On 20/06/2019 07:55, Robert Richter wrote:
> On 19.06.19 18:22:32, James Morse wrote:

>>> In any case, this patch cleans up code as old API's counter code is

>>> isolated and moved to common code. Making the counter's work for ghes

>>> is actually a side-effect here. The cleanup is a prerequisit for

>>> follow on patches.

>>

>> I'm all for removing/warning-its-broken it when ghes_edac is in use. But the convincing

>> argument is debian ships a 'current' version of edac-utils that predates 199747106934,

>> (that made all this fake csrow stuff deprecated), and debian's popcon says ~1000 people

>> have it installed.

> 

> All arm64 distribution kernels that I have checked come with:

> 

> CONFIG_EDAC_SUPPORT=y

> CONFIG_EDAC=y

> CONFIG_EDAC_LEGACY_SYSFS=y

> # CONFIG_EDAC_DEBUG is not set

> CONFIG_EDAC_GHES=y

> CONFIG_EDAC_LAYERSCAPE=m

> CONFIG_EDAC_THUNDERX=m

> CONFIG_EDAC_XGENE=m


(distros also enable drivers for hardware no-one has!)

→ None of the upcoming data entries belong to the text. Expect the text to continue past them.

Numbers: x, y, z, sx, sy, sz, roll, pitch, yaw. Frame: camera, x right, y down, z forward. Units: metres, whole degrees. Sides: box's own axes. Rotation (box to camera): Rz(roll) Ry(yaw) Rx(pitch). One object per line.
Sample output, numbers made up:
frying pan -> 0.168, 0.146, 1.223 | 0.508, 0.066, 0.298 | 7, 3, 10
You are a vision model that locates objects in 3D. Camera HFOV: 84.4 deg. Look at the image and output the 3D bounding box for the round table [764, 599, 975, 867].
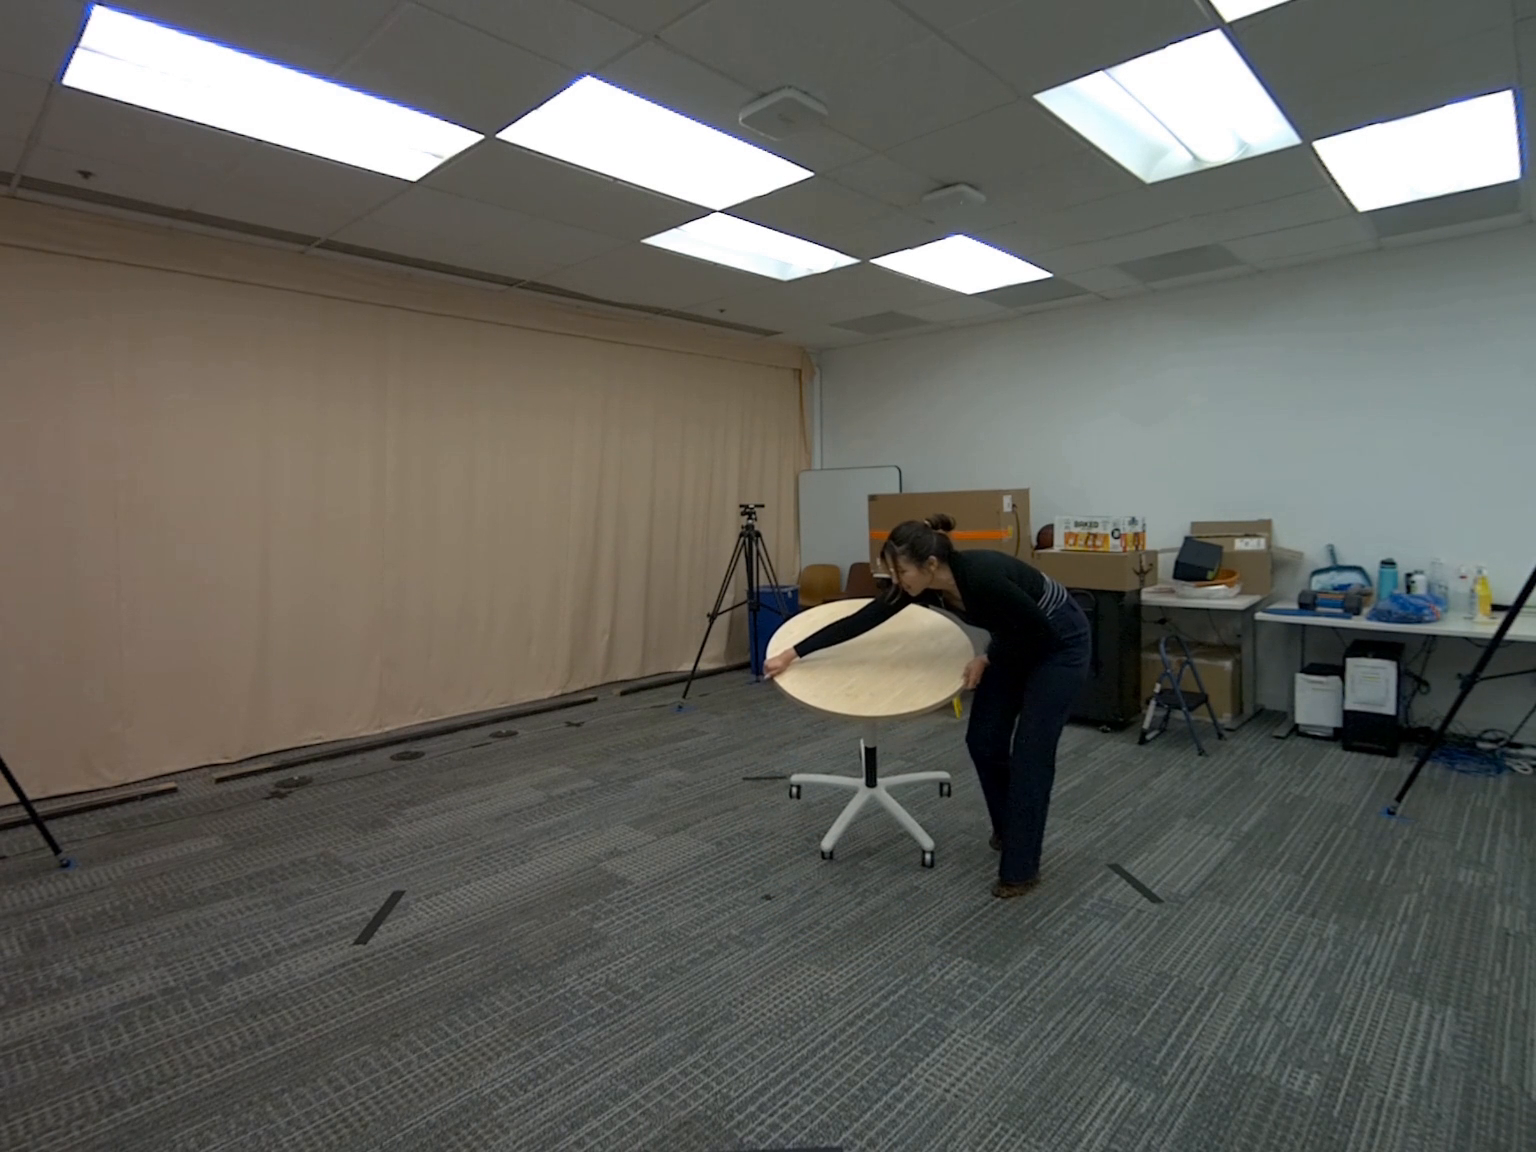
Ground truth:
round table -> 0.405, 0.629, 3.340 | 0.765, 0.780, 0.776 | -5, 27, 1

Who uses this? edac-utils, on both arm64 and x86.


>> If you want it fixed, please don't do it as a side effect of cleanup. Fixes need to be a

>> small separate series that can be backported. (unless we're confident no-one uses it, in

>> which case, why fix it?)


> It is not that I am keen on fixing legacy edac sysfs. It just happens

> while unifying the error handlers in ghes_edac and edac_mc. As I see

> you are reluctant on just letting it go, let's just disable

> EDAC_LEGACY_SYSFS for ARM64.


That would break other drivers where those legacy counters expose valid values.

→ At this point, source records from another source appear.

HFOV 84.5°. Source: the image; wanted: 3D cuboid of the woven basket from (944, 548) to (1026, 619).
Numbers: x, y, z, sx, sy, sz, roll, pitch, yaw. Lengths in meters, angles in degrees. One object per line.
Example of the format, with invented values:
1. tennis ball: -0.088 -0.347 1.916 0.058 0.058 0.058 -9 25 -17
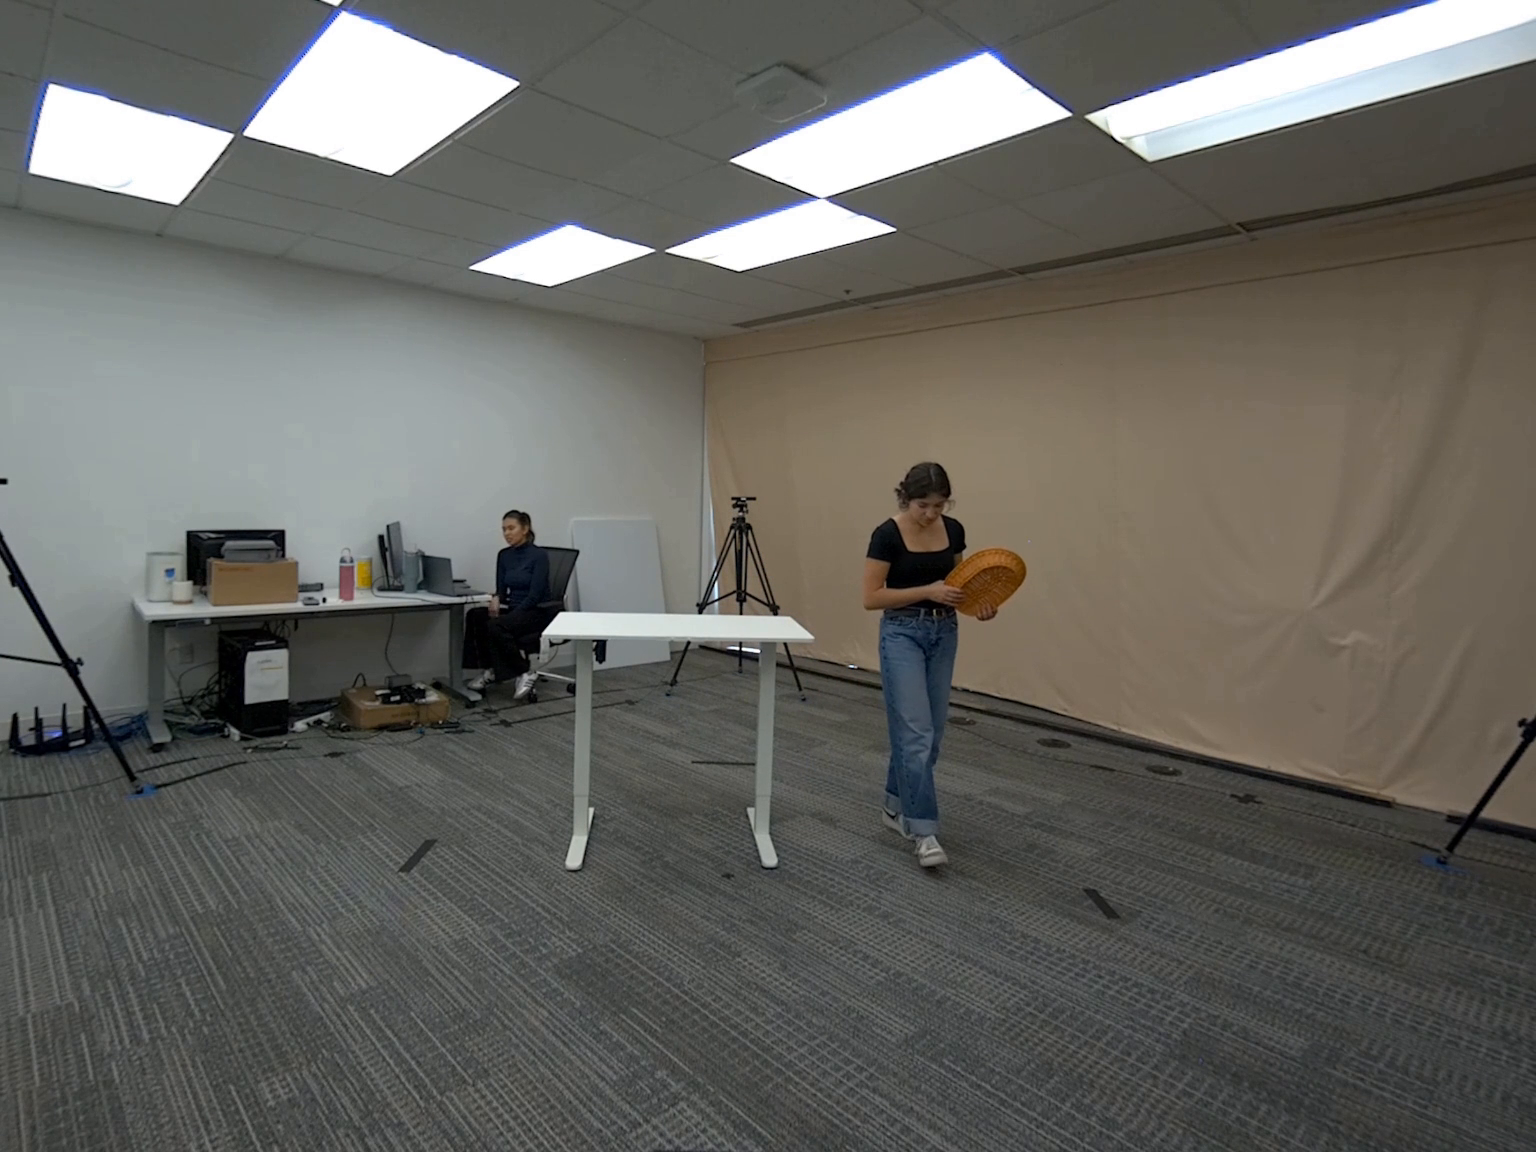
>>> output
1. woven basket: 0.844 0.043 3.281 0.250 0.349 0.074 28 36 -9

You're painting me as some kind of stubborn villan here. You're right my initial reaction
was 'what for?'. Adding new support for legacy counters that have never worked with
ghes_edac looks like the wrong thing to do.

But unfortunately edac-utils is still using this legacy interface.

If we're going to fix it, could we fix it properly? (separate series that can be
backported to stable).


> Though, I don't agree with it as there

> still could be some userland tools that use this interface that cannot

> be used any longer after a transition from x86 to arm64.


I don't think this is the right thing to do. ghes_edac's behaviour should not change
between architectures.


Where we aren't agreeing is how we fix bugs:

Its either broken, and no-one cares, we should remove it.
Or, we should fix it and those fixes should go to stable.

We can't mix fixes and features in a patch series, as the fixes then can't easily be
backported. If its ever in doubt, the patches should still be as separate fixes so the
maintainer can decide.


Thanks,

James
Robert Richter June 26, 2019, 10:27 a.m. | #6
On 26.06.19 10:33:28, James Morse wrote:
> On 20/06/2019 07:55, Robert Richter wrote:


> > It is not that I am keen on fixing legacy edac sysfs. It just happens

> > while unifying the error handlers in ghes_edac and edac_mc. As I see

> > you are reluctant on just letting it go, let's just disable

> > EDAC_LEGACY_SYSFS for ARM64.

> 

> That would break other drivers where those legacy counters expose valid values.

> 

> You're painting me as some kind of stubborn villan here. You're right my initial reaction

> was 'what for?'. Adding new support for legacy counters that have never worked with

> ghes_edac looks like the wrong thing to do.

> 

> But unfortunately edac-utils is still using this legacy interface.


I am sorry for mis-understanding you here. I haven't seen your
motivation for this which is now clear to me.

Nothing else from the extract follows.